─── Supplied material
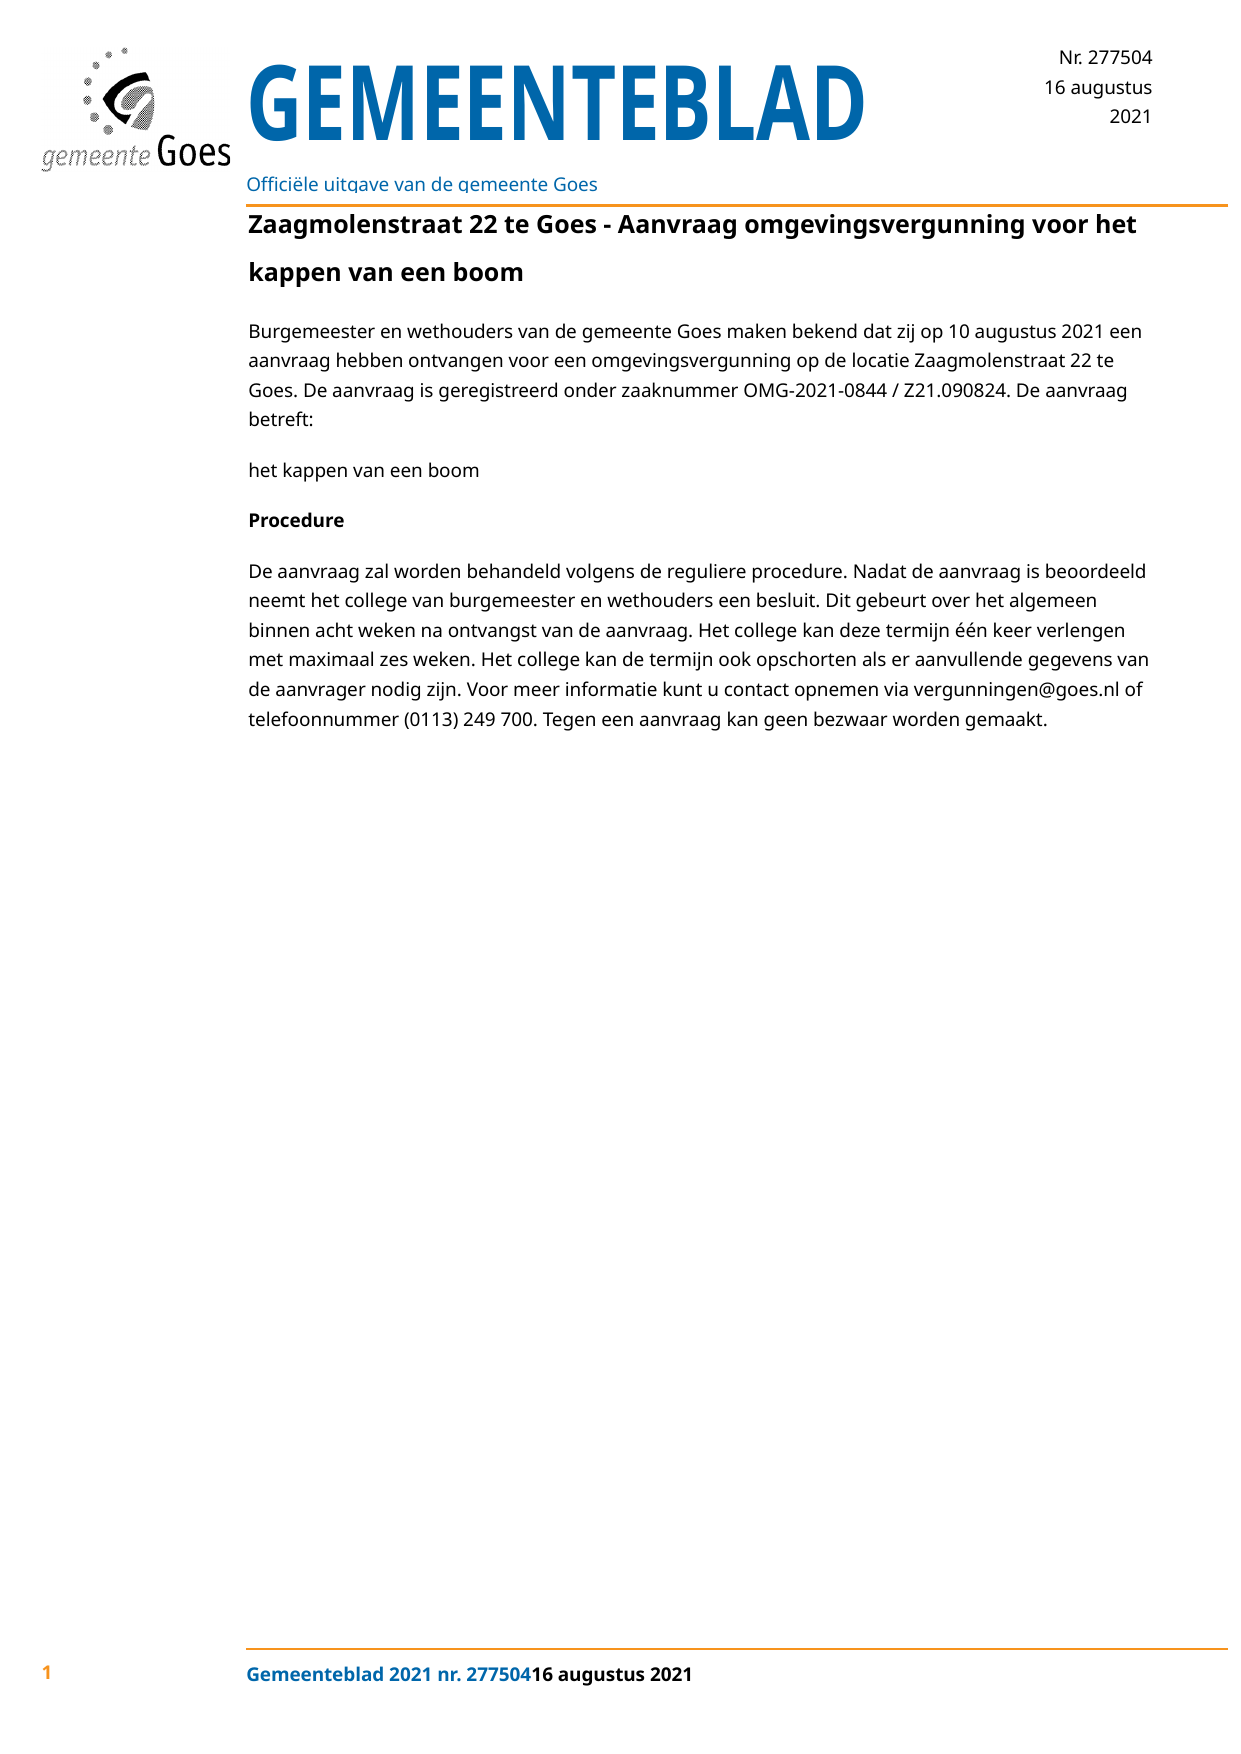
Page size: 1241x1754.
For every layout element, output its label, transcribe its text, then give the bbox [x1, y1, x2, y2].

text Zaagmolenstraat 22 te Goes - Aanvraag omgevingsvergunning voor het kappen van een boom [248, 207, 1152, 288]
picture [41, 47, 231, 172]
text Burgemeester en wethouders van de gemeente Goes maken bekend dat zij op 10 augustus 2021 een aanvraag hebben ontvangen voor een omgevingsvergunning op de locatie Zaagmolenstraat 22 te Goes. De aanvraag is geregistreerd onder zaaknummer OMG-2021-0844 / Z21.090824. De aanvraag betreft: [248, 318, 1152, 432]
text Procedure [248, 507, 1152, 533]
text het kappen van een boom [248, 457, 1152, 483]
text De aanvraag zal worden behandeld volgens de reguliere procedure. Nadat de aanvraag is beoordeeld neemt het college van burgemeester en wethouders een besluit. Dit gebeurt over het algemeen binnen acht weken na ontvangst van de aanvraag. Het college kan deze termijn één keer verlengen met maximaal zes weken. Het college kan de termijn ook opschorten als er aanvullende gegevens van de aanvrager nodig zijn. Voor meer informatie kunt u contact opnemen via vergunningen@goes.nl of telefoonnummer (0113) 249 700. Tegen een aanvraag kan geen bezwaar worden gemaakt. [248, 558, 1152, 732]
──────
Please return the lines above exactly, with the pictures omitted.

Response area
Page size: 1241x1754.
For every layout element, output its label, transcribe its text, then give the bbox [x1, y1, x2, y2].

text Zaagmolenstraat 22 te Goes - Aanvraag omgevingsvergunning voor het kappen van een boom [248, 207, 1152, 288]
picture [41, 47, 231, 172]
text Burgemeester en wethouders van de gemeente Goes maken bekend dat zij op 10 augustus 2021 een aanvraag hebben ontvangen voor een omgevingsvergunning op de locatie Zaagmolenstraat 22 te Goes. De aanvraag is geregistreerd onder zaaknummer OMG-2021-0844 / Z21.090824. De aanvraag betreft: [248, 318, 1152, 432]
text Procedure [248, 507, 1152, 533]
text het kappen van een boom [248, 457, 1152, 483]
text De aanvraag zal worden behandeld volgens de reguliere procedure. Nadat de aanvraag is beoordeeld neemt het college van burgemeester en wethouders een besluit. Dit gebeurt over het algemeen binnen acht weken na ontvangst van de aanvraag. Het college kan deze termijn één keer verlengen met maximaal zes weken. Het college kan de termijn ook opschorten als er aanvullende gegevens van de aanvrager nodig zijn. Voor meer informatie kunt u contact opnemen via vergunningen@goes.nl of telefoonnummer (0113) 249 700. Tegen een aanvraag kan geen bezwaar worden gemaakt. [248, 558, 1152, 732]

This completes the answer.